Stone & Metal Corp. v. DIG HP1, LLC

     The summaries of the Colorado Court of Appeals published opinions
  constitute no part of the opinion of the division but have been prepared by
  the division for the convenience of the reader. The summaries may not be
    cited or relied upon as they are not the official language of the division.
  Any discrepancy between the language in the summary and in the opinion
           should be resolved in favor of the language in the opinion.

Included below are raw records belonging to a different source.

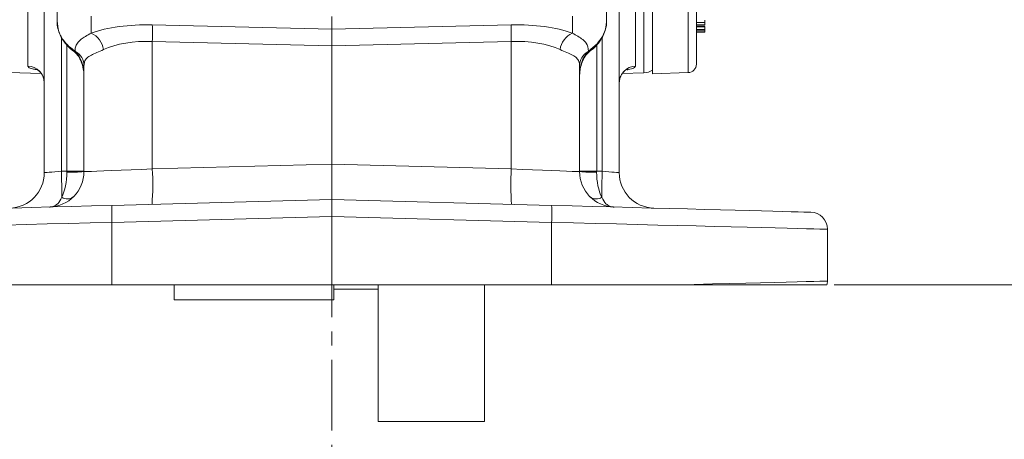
# Model space of a CAD drawing. Header units: inches. Extents: x 0.3 to 33.9, y 0.2 to 21.6.
# Tile 10 of 25: x 20.8 to 27.7, y 4.9 to 7.8. Entities that reach past the tile are written whole.
import ezdxf

# ---------------------------------------------------------------- set-up
doc = ezdxf.new("R2010")
doc.units = ezdxf.units.IN
doc.header["$MEASUREMENT"] = 0
doc.linetypes.add('CENTERX2', pattern=[0.8, 0.5, -0.1, 0.1, -0.1])
doc.layers.add('SLD-0', color=7, linetype='Continuous', lineweight=15)
doc.styles.add('SLDTEXTSTYLE0', font='TXT', dxfattribs={"width": 0.75})
doc.dimstyles.new('SLDDIMSTYLE0', dxfattribs={"dimtxt": 0.25, "dimasz": 0.13, "dimexe": 0, "dimexo": 0.0625, "dimgap": 0.0625, "dimtad": 0, "dimtih": 1, "dimtoh": 1, "dimrnd": 1e-09, "dimzin": 12, "dimdsep": 46, "dimtxsty": 'SLDTEXTSTYLE0', "dimsah": 1, "dimcen": 0.09, "dimadec": 0, "dimazin": 3, "dimtfac": 1, "dimtofl": 0, "dimtmove": 0, "dimatfit": 3, "dimfxl": 1, "dimfrac": 2, "dimtolj": 1, "dimtzin": 12, "dimarcsym": 0})

# ---------------------------------------------------------------- blocks, each defined once
blk = doc.blocks.new('_D_10')
at = {"layer": 'SLD-0'}
for p, q in [((23.0055, 13.5316), (31.06, 13.5316)), ((30.935, 13.5316), (30.935, 10.1526)), ((30.3636, 9.7786), (30.3128, 9.7786)), ((30.3128, 9.7786), (30.3128, 9.3817)), ((31.5065, 9.7786), (31.5573, 9.7786)), ((31.5573, 9.7786), (31.5573, 9.3817)), ((30.3128, 9.3817), (30.3636, 9.3817)), ((30.935, 5.952), (30.935, 9.3309)), ((31.5573, 9.3817), (31.5065, 9.3817)), ((26.5026, 5.952), (31.06, 5.952))]:
    blk.add_line(p, q, dxfattribs=at)
for points in [[(30.935, 13.5316), (30.915, 13.4016), (30.955, 13.4016)], [(30.935, 5.952), (30.955, 6.082), (30.915, 6.082)]]:
    blk.add_solid(points, dxfattribs=at)
at = {"layer": 'SLD-0', "char_height": 0.25, "attachment_point": 1, "style": 'SLDTEXTSTYLE0'}
for s, insert in [('7.58', (30.5102, 10.1516, -1.544)), ('192.52', (30.4271, 9.704, -1.544))]:
    blk.add_mtext(s, dxfattribs=dict(at, insert=insert))
blk = doc.blocks.new('_D_11')
at = {"layer": 'SLD-0'}
for p, q in [((26.8722, 12.2056), (29.0624, 12.2056)), ((28.9374, 12.2056), (28.9374, 9.4897)), ((28.366, 9.1156), (28.3152, 9.1156)), ((28.3152, 9.1156), (28.3152, 8.7187)), ((29.5089, 9.1156), (29.5597, 9.1156)), ((29.5597, 9.1156), (29.5597, 8.7187)), ((28.3152, 8.7187), (28.366, 8.7187)), ((29.5597, 8.7187), (29.5089, 8.7187)), ((28.9374, 5.952), (28.9374, 8.668)), ((26.5026, 5.952), (29.0624, 5.952))]:
    blk.add_line(p, q, dxfattribs=at)
for points in [[(28.9374, 12.2056), (28.9174, 12.0756), (28.9574, 12.0756)], [(28.9374, 5.952), (28.9574, 6.082), (28.9174, 6.082)]]:
    blk.add_solid(points, dxfattribs=at)
at = {"layer": 'SLD-0', "char_height": 0.25, "attachment_point": 1, "style": 'SLDTEXTSTYLE0'}
for s, insert in [('6.25', (28.5126, 9.4887, -1.544)), ('158.84', (28.4294, 9.041, -1.544))]:
    blk.add_mtext(s, dxfattribs=dict(at, insert=insert))

msp = doc.modelspace()

# ---------------------------------------------------------------- linework, layer by layer
at = {"color": 7, "linetype": 'Continuous', "lineweight": 15}
for p, q in [((20.8097, 7.4962), (20.8097, 8.099)), ((20.9255, 6.7436), (20.9255, 8.0051)), ((21.0155, 7.9548), (21.0155, 7.8146)), ((24.8955, 7.8146), (24.8955, 7.9548)), ((24.9855, 7.9483), (24.9855, 6.7436)), ((25.1014, 7.9829), (25.1014, 7.4962)), ((25.22, 7.9782), (25.22, 7.4408)), ((22.9555, 7.7565), (22.9555, 7.8454)), ((25.53, 7.8042), (25.59, 7.8042)), ((21.6881, 7.7869), (22.9555, 7.7565)), ((22.9555, 7.7565), (24.223, 7.7869)), ((22.9555, 7.7565), (22.9555, 7.6398)), ((25.59, 7.7871), (25.53, 7.7871)), ((25.53, 7.7767), (25.59, 7.7767)), ((25.53, 7.7732), (25.59, 7.7732)), ((25.59, 7.753), (25.53, 7.753)), ((25.59, 7.7447), (25.53, 7.7447)), ((25.59, 7.7358), (25.53, 7.7358)), ((22.9555, 7.6398), (21.6881, 7.6702)), ((21.6881, 7.6702), (21.6881, 6.7699)), ((24.223, 7.6702), (22.9555, 7.6398)), ((24.223, 6.7699), (24.223, 7.6702)), ((24.7689, 7.6024), (24.8305, 7.6539)), ((21.1302, 7.6026), (21.1378, 7.5972)), ((21.1422, 7.6024), (21.1475, 7.5972)), ((22.9555, 6.8031), (22.9555, 7.6398)), ((24.7636, 7.5972), (24.7689, 7.6024)), ((19.4069, 7.4955), (20.9037, 7.4432)), ((21.2055, 6.751), (21.2055, 7.4986)), ((24.7055, 7.4986), (24.7055, 6.751)), ((25.0072, 7.4432), (25.1597, 7.4486)), ((25.22, 7.4408), (25.4721, 7.4496)), ((21.0462, 6.7531), (21.0849, 6.7541)), ((21.0849, 6.7541), (21.2055, 6.7541)), ((21.6881, 6.7699), (22.9555, 6.8031)), ((22.9555, 6.8031), (24.223, 6.7699)), ((22.9555, 6.8031), (22.9555, 6.5532)), ((24.7055, 6.7541), (24.8262, 6.7541)), ((24.8262, 6.7541), (24.8649, 6.7531)), ((21.4032, 6.5126), (22.9555, 6.5532)), ((22.9555, 6.5532), (24.5079, 6.5126)), ((22.9555, 6.4333), (22.9555, 6.5532)), ((22.9555, 6.4333), (21.4032, 6.3926)), ((22.9555, 6.4333), (22.9555, 5.952)), ((24.5079, 6.3926), (22.9555, 6.4333)), ((21.4032, 6.3926), (21.4032, 5.952)), ((24.5079, 5.952), (24.5079, 6.3926)), ((26.4555, 6.3447), (26.4555, 5.9785)), ((21.4032, 5.952), (20.5321, 5.952)), ((22.9555, 5.952), (21.4032, 5.952)), ((21.843, 5.8465), (21.843, 5.952)), ((24.5079, 5.952), (22.9555, 5.952)), ((22.971, 5.8465), (22.971, 5.952)), ((22.971, 5.922), (23.283, 5.922)), ((23.283, 4.987), (23.283, 5.952)), ((24.033, 4.987), (24.033, 5.952)), ((25.379, 5.952), (24.5079, 5.952)), ((21.843, 5.8465), (22.971, 5.8465)), ((23.283, 4.987), (24.033, 4.987))]:
    msp.add_line(p, q, dxfattribs=at)
at = {"color": 8, "linetype": 'Continuous', "lineweight": 15}
for p, q in [((25.1597, 7.4486), (25.1597, 7.985)), ((25.4721, 7.9871), (25.4721, 7.4496)), ((21.2568, 7.8482), (21.2568, 7.7285)), ((24.6543, 7.7285), (24.6543, 7.8482)), ((21.0462, 7.6985), (21.0462, 6.7531)), ((24.8649, 6.7531), (24.8649, 7.6992)), ((21.0849, 6.7541), (21.0849, 7.6439)), ((24.8262, 7.6442), (24.8262, 6.7541))]:
    msp.add_line(p, q, dxfattribs=at)
at = {"color": 8, "linetype": 'Continuous', "lineweight": 15, "flags": 128}
for points in [[(21.0805, 7.6539), (21.0784, 7.6515), (21.0782, 7.6511)], [(24.8305, 7.6539), (24.8327, 7.6515), (24.8328, 7.6511)], [(21.1422, 7.6024), (21.1354, 7.6014), (21.1304, 7.6031)], [(24.7689, 7.6024), (24.7757, 7.6014), (24.7807, 7.6031)]]:
    msp.add_lwpolyline(points, dxfattribs=at)
at = {"color": 7, "linetype": 'Continuous', "lineweight": 15, "flags": 128}
for points in [[(20.9255, 6.7436), (20.9278, 6.7438), (20.9346, 6.7443), (20.9457, 6.7452), (20.9606, 6.7464), (20.9788, 6.7478), (20.9997, 6.7495), (21.0224, 6.7512), (21.0462, 6.7531)], [(21.2055, 6.751), (21.2114, 6.7512), (21.2289, 6.7519), (21.2577, 6.753), (21.297, 6.7546), (21.3459, 6.7565), (21.4032, 6.7587), (21.4677, 6.7613), (21.5378, 6.764), (21.6119, 6.7669), (21.6881, 6.7699)], [(24.223, 6.7699), (24.2992, 6.7669), (24.3733, 6.764), (24.4434, 6.7613), (24.5078, 6.7587), (24.5652, 6.7565), (24.6141, 6.7546), (24.6534, 6.753), (24.6821, 6.7519), (24.6997, 6.7512), (24.7055, 6.751)], [(24.8649, 6.7531), (24.8887, 6.7512), (24.9114, 6.7495), (24.9322, 6.7478), (24.9505, 6.7464), (24.9654, 6.7452), (24.9764, 6.7443), (24.9832, 6.7438), (24.9855, 6.7436)], [(19.5724, 6.4647), (19.578, 6.4648), (19.5948, 6.4652), (19.6226, 6.466), (19.6614, 6.467), (19.7108, 6.4683), (19.7707, 6.4698), (19.8405, 6.4717), (19.92, 6.4738), (20.0086, 6.4761), (20.1058, 6.4786), (20.211, 6.4814), (20.3236, 6.4843), (20.443, 6.4875), (20.5683, 6.4907), (20.699, 6.4942), (20.8341, 6.4977), (20.973, 6.5013), (21.1146, 6.505), (21.2583, 6.5088), (21.4032, 6.5126)], [(24.5079, 6.5126), (24.6527, 6.5088), (24.7964, 6.505), (24.9381, 6.5013), (25.077, 6.4977), (25.2121, 6.4942), (25.3427, 6.4907), (25.4681, 6.4875), (25.5875, 6.4843), (25.7001, 6.4814), (25.8053, 6.4786), (25.9025, 6.4761), (25.9911, 6.4738), (26.0706, 6.4717), (26.1404, 6.4698), (26.2002, 6.4683), (26.2497, 6.467), (26.2884, 6.466), (26.3163, 6.4652), (26.3331, 6.4648), (26.3387, 6.4647)], [(21.4032, 6.3926), (21.2491, 6.3888), (21.0962, 6.3851), (20.9455, 6.3814), (20.7978, 6.3777), (20.654, 6.3742), (20.5151, 6.3708), (20.3817, 6.3675), (20.2547, 6.3644), (20.1349, 6.3614), (20.0229, 6.3587), (19.9195, 6.3561), (19.8253, 6.3538), (19.7408, 6.3517), (19.6665, 6.3499), (19.6028, 6.3483), (19.5502, 6.347), (19.509, 6.346), (19.4794, 6.3453), (19.4615, 6.3448), (19.4555, 6.3447)], [(26.4555, 6.3447), (26.4496, 6.3448), (26.4317, 6.3453), (26.4021, 6.346), (26.3609, 6.347), (26.3083, 6.3483), (26.2446, 6.3499), (26.1703, 6.3517), (26.0858, 6.3538), (25.9915, 6.3561), (25.8881, 6.3587), (25.7762, 6.3614), (25.6564, 6.3644), (25.5294, 6.3675), (25.396, 6.3708), (25.257, 6.3742), (25.1133, 6.3777), (24.9656, 6.3814), (24.8149, 6.3851), (24.662, 6.3888), (24.5079, 6.3926)], [(25.379, 5.952), (25.5143, 5.9553), (25.6432, 5.9585), (25.7648, 5.9615), (25.8785, 5.9643), (25.9836, 5.9669), (26.0794, 5.9692), (26.1654, 5.9714), (26.2409, 5.9732), (26.3057, 5.9748), (26.3592, 5.9761), (26.4011, 5.9772), (26.4313, 5.9779), (26.4495, 5.9783), (26.4555, 5.9785)]]:
    msp.add_lwpolyline(points, dxfattribs=at)
at = {"color": 7, "linetype": 'Continuous', "lineweight": 15}
for centre, radius, start, end in [((21.1944, 7.5921), 0.15, 7.5629, 65.40901), ((19.958, 7.7286), 1.7311, 358.0696, 1.9304), ((25.953, 7.7286), 1.731, 178.06944, 181.93056), ((24.7167, 7.5921), 0.15, 114.59112, 172.43683), ((21.0904, 7.4972), 0.1152, 0.7255, 60.27981), ((24.8207, 7.4972), 0.1152, 119.72011, 179.27446), ((20.8066, 7.3773), 0.1189, 0.45909, 88.4952), ((25.1045, 7.3773), 0.1189, 91.50483, 179.541), ((25.1555, 7.5685), 0.12, 272, 302.51361), ((25.47, 7.5095), 0.06, 272, 0), ((20.9555, 6.751), 0.25, 271.5, 0), ((15.8423, 6.6047), 5.206, 359.61673, 1.63392), ((21.1144, 7.9279), 1.1805, 268.57198, 274.42796), ((19.8945, 6.6606), 1.7969, 355.51238, 3.48778), ((26.0166, 6.6606), 1.7969, 176.51219, 184.48767), ((24.9555, 6.751), 0.25, 180, 268.5), ((24.7967, 7.9279), 1.1805, 265.57204, 271.42802), ((30.0695, 6.6047), 5.2067, 178.36623, 180.38313), ((20.6755, 6.7436), 0.25, 271.5, 0), ((25.2355, 6.7436), 0.25, 180, 268.5), ((21.0875, 6.6321), 0.0736, 237.68442, 305.31539), ((24.8235, 6.6321), 0.0736, 234.68456, 302.31562), ((22.5498, 6.4526), 1.1482, 177.00557, 182.99443), ((23.3613, 6.4526), 1.1482, 357.00557, 2.99443), ((26.3355, 6.3447), 0.12, 0, 88.5), ((26.3355, 5.9785), 0.12, 347.24259, 0)]:
    msp.add_arc(centre, radius, start, end, dxfattribs=at)
at = {"color": 8, "linetype": 'Continuous', "lineweight": 15}
for centre, start, end in [((21.1433, 7.6092), 233.13344, 289.41794), ((24.7678, 7.6092), 250.65848, 306.68927)]:
    msp.add_arc(centre, 0.0127, start, end, dxfattribs=at)
at = {"color": 7, "linetype": 'Continuous', "lineweight": 15}
for centre, major_axis, ratio, start_param, end_param in [((21.7099, 7.5463), (0.6249, -0.0274), 0.383235, 1.622509, 2.398549), ((24.2012, 7.5463), (0.6249, 0.0274), 0.383235, 0.743044, 1.519084), ((21.7055, 7.4297), (0.4998, -0.0303), 0.478472, 1.634733, 2.410774), ((24.2055, 7.4297), (0.4998, 0.0303), 0.478472, 0.730819, 1.506859), ((21.0805, 7.4245), (0, 0.2045), 0.611254, 4.712389, 5.718047), ((24.8305, 7.4245), (0, 0.2045), 0.611254, 0.565139, 1.570796), ((20.9555, 6.751), (-0.0065, 0.2499), 0.517444, 3.888295, 4.686209), ((21.0805, 6.7542), (-0.0033, 0.25), 0.017441, 4.686437, 4.711704), ((24.9555, 6.751), (0.0065, 0.2499), 0.517444, 1.596976, 2.39489), ((24.8305, 6.7542), (0.0033, 0.25), 0.017441, 1.571481, 1.596748)]:
    msp.add_ellipse(centre, major_axis=major_axis, ratio=ratio, start_param=start_param, end_param=end_param, dxfattribs=at)
for points, knots in [([(25.53, 8.0363), (25.53, 7.9841), (25.53, 7.8787), (25.53, 7.7505), (25.53, 7.645), (25.53, 7.5681), (25.53, 7.5187), (25.53, 7.5126), (25.53, 7.5095)], [0, 0, 0, 0, 0.159873, 0.322664, 0.488197, 0.657718, 0.828396, 1, 1, 1, 1]), ([(21.0155, 7.8146), (21.0181, 7.7892), (21.0233, 7.7385), (21.0535, 7.6852), (21.0757, 7.6595), (21.0805, 7.6539)], [0, 0, 0, 0, 0.440119, 0.8775, 1, 1, 1, 1]), ([(21.0166, 7.8114), (21.0164, 7.8063), (21.0155, 7.7856), (21.0235, 7.749), (21.0409, 7.7046), (21.0603, 7.6717), (21.075, 7.6559), (21.0789, 7.6517)], [0, 0, 0, 0, 0.087259, 0.35814, 0.633296, 0.902975, 1, 1, 1, 1]), ([(24.8305, 7.6539), (24.8434, 7.6702), (24.8724, 7.7067), (24.8926, 7.7635), (24.8948, 7.8013), (24.8955, 7.8146)], [0, 0, 0, 0, 0.342388, 0.768147, 1, 1, 1, 1]), ([(24.8321, 7.6518), (24.8376, 7.658), (24.8537, 7.676), (24.8742, 7.7123), (24.8902, 7.7594), (24.897, 7.7946), (24.8953, 7.8125), (24.8952, 7.8135)], [0, 0, 0, 0, 0.139092, 0.403925, 0.693696, 0.98267, 1, 1, 1, 1]), ([(25.59, 7.8042), (25.59, 7.8045), (25.59, 7.8054), (25.59, 7.8096), (25.59, 7.8145), (25.59, 7.8185), (25.59, 7.8196)], [0, 0, 0, 0, 0.180554, 0.445098, 0.846023, 1, 1, 1, 1]), ([(25.59, 7.7871), (25.59, 7.7876), (25.59, 7.7887), (25.59, 7.7931), (25.59, 7.7986), (25.59, 7.8042), (25.59, 7.8075), (25.59, 7.809)], [0, 0, 0, 0, 0.156709, 0.401173, 0.666274, 0.851908, 1, 1, 1, 1]), ([(21.1422, 7.6024), (21.1429, 7.6114), (21.1446, 7.6322), (21.1578, 7.6593), (21.1821, 7.6835), (21.215, 7.705), (21.2428, 7.7206), (21.2568, 7.7285)], [0, 0, 0, 0, 0.171643, 0.396296, 0.62426, 0.810866, 1, 1, 1, 1]), ([(24.6543, 7.7285), (24.6679, 7.7208), (24.6969, 7.7046), (24.7291, 7.6831), (24.7608, 7.6528), (24.7657, 7.6223), (24.7689, 7.6024)], [0, 0, 0, 0, 0.18345, 0.390895, 0.601313, 1, 1, 1, 1]), ([(25.59, 7.7767), (25.59, 7.777), (25.59, 7.7773), (25.59, 7.7803), (25.59, 7.7805)], [0, 0, 0, 0, 0.927695, 1, 1, 1, 1]), ([(25.59, 7.753), (25.59, 7.7553), (25.59, 7.7588), (25.59, 7.7663), (25.59, 7.7706), (25.59, 7.773), (25.59, 7.7732)], [0, 0, 0, 0, 0.50378, 0.737382, 0.971833, 1, 1, 1, 1]), ([(25.59, 7.753), (25.59, 7.7522), (25.59, 7.7508), (25.59, 7.7478), (25.59, 7.7458), (25.59, 7.7447)], [0, 0, 0, 0, 0.40967, 0.692671, 1, 1, 1, 1]), ([(25.59, 7.7358), (25.59, 7.7359), (25.59, 7.7361), (25.59, 7.7379), (25.59, 7.7403), (25.59, 7.7429), (25.59, 7.7442), (25.59, 7.7447)], [0, 0, 0, 0, 0.1422177, 0.3702965, 0.7054724, 0.8758491, 1, 1, 1, 1]), ([(21.0788, 7.6517), (21.0812, 7.6485), (21.093, 7.6329), (21.1114, 7.6172), (21.1272, 7.6057), (21.1306, 7.6033)], [0, 0, 0, 0, 0.168053, 0.820428, 1, 1, 1, 1]), ([(21.0805, 7.6539), (21.0817, 7.6527), (21.0996, 7.6331), (21.1216, 7.6172), (21.1422, 7.6024)], [0, 0, 0, 0, 0.061954, 1, 1, 1, 1]), ([(24.7805, 7.6033), (24.7848, 7.6064), (24.8026, 7.6195), (24.821, 7.6355), (24.8319, 7.6503), (24.8327, 7.6514)], [0, 0, 0, 0, 0.225342, 0.943152, 1, 1, 1, 1]), ([(21.1357, 7.599), (21.1391, 7.596), (21.1532, 7.5836), (21.1736, 7.5558), (21.1929, 7.5131), (21.2038, 7.468), (21.205, 7.4377), (21.2055, 7.4245)], [0, 0, 0, 0, 0.069077, 0.282811, 0.526918, 0.793549, 1, 1, 1, 1]), ([(21.3431, 7.6119), (21.327, 7.6049), (21.2945, 7.5907), (21.2549, 7.5739), (21.2248, 7.5543), (21.2081, 7.5299), (21.2063, 7.5082), (21.2055, 7.4986)], [0, 0, 0, 0, 0.191641, 0.387772, 0.602568, 0.823877, 1, 1, 1, 1]), ([(24.7055, 7.4986), (24.7046, 7.5092), (24.7027, 7.5305), (24.6861, 7.5541), (24.6575, 7.5733), (24.618, 7.5901), (24.5842, 7.6048), (24.568, 7.6119)], [0, 0, 0, 0, 0.1937883, 0.3927758, 0.5971161, 0.8065699, 1, 1, 1, 1]), ([(24.7055, 7.4245), (24.7057, 7.4324), (24.7064, 7.4578), (24.7138, 7.499), (24.731, 7.5436), (24.7518, 7.5771), (24.7688, 7.5929), (24.7754, 7.599)], [0, 0, 0, 0, 0.123648, 0.396756, 0.647601, 0.864737, 1, 1, 1, 1]), ([(24.7733, 7.5972), (24.7751, 7.5989), (24.7774, 7.6009), (24.7801, 7.6025), (24.7806, 7.6028)], [0, 0, 0, 0, 0.806609, 1, 1, 1, 1]), ([(20.8694, 7.473), (20.8692, 7.4731), (20.8681, 7.4734), (20.8731, 7.4716), (20.8849, 7.4642), (20.9016, 7.4489), (20.9161, 7.4255), (20.9246, 7.4027), (20.9244, 7.3888), (20.9243, 7.3854)], [0, 0, 0, 0, 0.030012, 0.183203, 0.334188, 0.512534, 0.71506, 0.92966, 1, 1, 1, 1]), ([(24.9856, 7.3782), (24.9866, 7.3896), (24.9884, 7.4107), (25.0012, 7.4372), (25.0163, 7.4558), (25.0303, 7.4671), (25.0406, 7.4726), (25.0417, 7.473), (25.0422, 7.4732)], [0, 0, 0, 0, 0.221385, 0.411437, 0.579832, 0.730006, 0.868236, 1, 1, 1, 1]), ([(24.9855, 6.7436), (24.9857, 6.7354), (24.9858, 6.7272), (24.9858, 6.732), (24.9858, 6.732)], [0, 0, 0, 0, 0.999969, 1, 1, 1, 1]), ([(21.0482, 6.5698), (21.0398, 6.5529), (21.0309, 6.5347), (21.011, 6.5166), (20.9979, 6.5084), (20.9819, 6.5035), (20.9732, 6.5019), (20.9683, 6.5014), (20.9656, 6.5012), (20.9641, 6.5011), (20.9632, 6.5011), (20.9628, 6.5011), (20.9625, 6.5011), (20.9624, 6.5011), (20.9622, 6.501), (20.9621, 6.501)], [0, 0, 0, 0, 0.42625, 0.457293, 0.712383, 0.842295, 0.912354, 0.951016, 0.972553, 0.984601, 0.991356, 0.995145, 0.996106, 0.996742, 1, 1, 1, 1]), ([(24.949, 6.501), (24.9489, 6.501), (24.9487, 6.5011), (24.9485, 6.5011), (24.9483, 6.5011), (24.9479, 6.5011), (24.947, 6.5011), (24.9455, 6.5012), (24.9428, 6.5014), (24.9379, 6.5019), (24.9291, 6.5035), (24.9132, 6.5084), (24.9001, 6.5166), (24.8802, 6.5347), (24.8712, 6.5529), (24.8629, 6.5698)], [0, 0, 0, 0, 0.003258, 0.003894, 0.004855, 0.008644, 0.015399, 0.027447, 0.048985, 0.087646, 0.157705, 0.287617, 0.542707, 0.57375, 1, 1, 1, 1]), ([(26.4526, 5.952), (26.4498, 5.952), (26.4445, 5.952), (26.4023, 5.952), (26.3384, 5.952), (26.2504, 5.952), (26.1392, 5.952), (26.0068, 5.952), (25.8393, 5.952), (25.633, 5.952), (25.4637, 5.952), (25.379, 5.952)], [0, 0, 0, 0, 0.110362, 0.213754, 0.317476, 0.420866, 0.524226, 0.627917, 0.731274, 0.865638, 1, 1, 1, 1])]:
    msp.add_open_spline(points, degree=3, knots=knots, dxfattribs=at)
at = {"color": 8, "linetype": 'Continuous', "lineweight": 15}
for points, knots in [([(20.8686, 7.4708), (20.8596, 7.4723), (20.8322, 7.477), (20.8134, 7.486), (20.8107, 7.4935), (20.8097, 7.4962)], [0, 0, 0, 0, 0.237792, 0.723394, 1, 1, 1, 1]), ([(25.1014, 7.4962), (25.0982, 7.4914), (25.0919, 7.4819), (25.0658, 7.4733), (25.0431, 7.4703), (25.0415, 7.47)], [0, 0, 0, 0, 0.478628, 0.961441, 1, 1, 1, 1])]:
    msp.add_open_spline(points, degree=3, knots=knots, dxfattribs=at)
at = {"layer": 'SLD-0', "linetype": 'CENTERX2', "lineweight": 0}
msp.add_line((22.9555, 17.4229), (22.9555, 3.5928), dxfattribs=at)

# ---------------------------------------------------------------- dimensions: what is measured, and where the dimension line sits
at = {"layer": 'SLD-0'}
for base, p2, picture, middle in [((30.935, 13.5316), (22.9555, 13.5316), '_D_10', (30.935, 9.7418)), ((28.9374, 12.2056), (26.8222, 12.2056), '_D_11', (28.9374, 9.0788))]:
    dim = msp.add_linear_dim(base=base, p1=(26.4526, 5.952), p2=p2, angle=90, dimstyle='SLDDIMSTYLE0', dxfattribs=at)
    dim.commit()
    dim.dimension.update_dxf_attribs({"geometry": picture, "text_midpoint": middle, "dimtype": 160})

doc.saveas('drawing.dxf')

                                                                   SUMMARY
                                                                 April 2, 2020

                                2020COA58

No. 18CA2307, Western Stone & Metal Corp. v. DIG HP1, LLC —
Attorney Fees; Contracts — Fee-shifting Provisions

     Following a dispute between a landlord and tenant arising

under their commercial lease, both parties filed motions requesting

attorney fees and costs. Their lease contains a fee shifting provision

that awards attorney fees and costs to the “prevailing party,” as

defined in the contract. In declining to award attorney fees and

costs to either party, the court applied the common law definition

for “prevailing party,” which provides that the prevailing party is the

one who received a favorable ruling on the question of liability. A

division of the court of appeals now holds that the common law

definition of “prevailing party” should give way to the definition

specified in the parties’ contract, where available.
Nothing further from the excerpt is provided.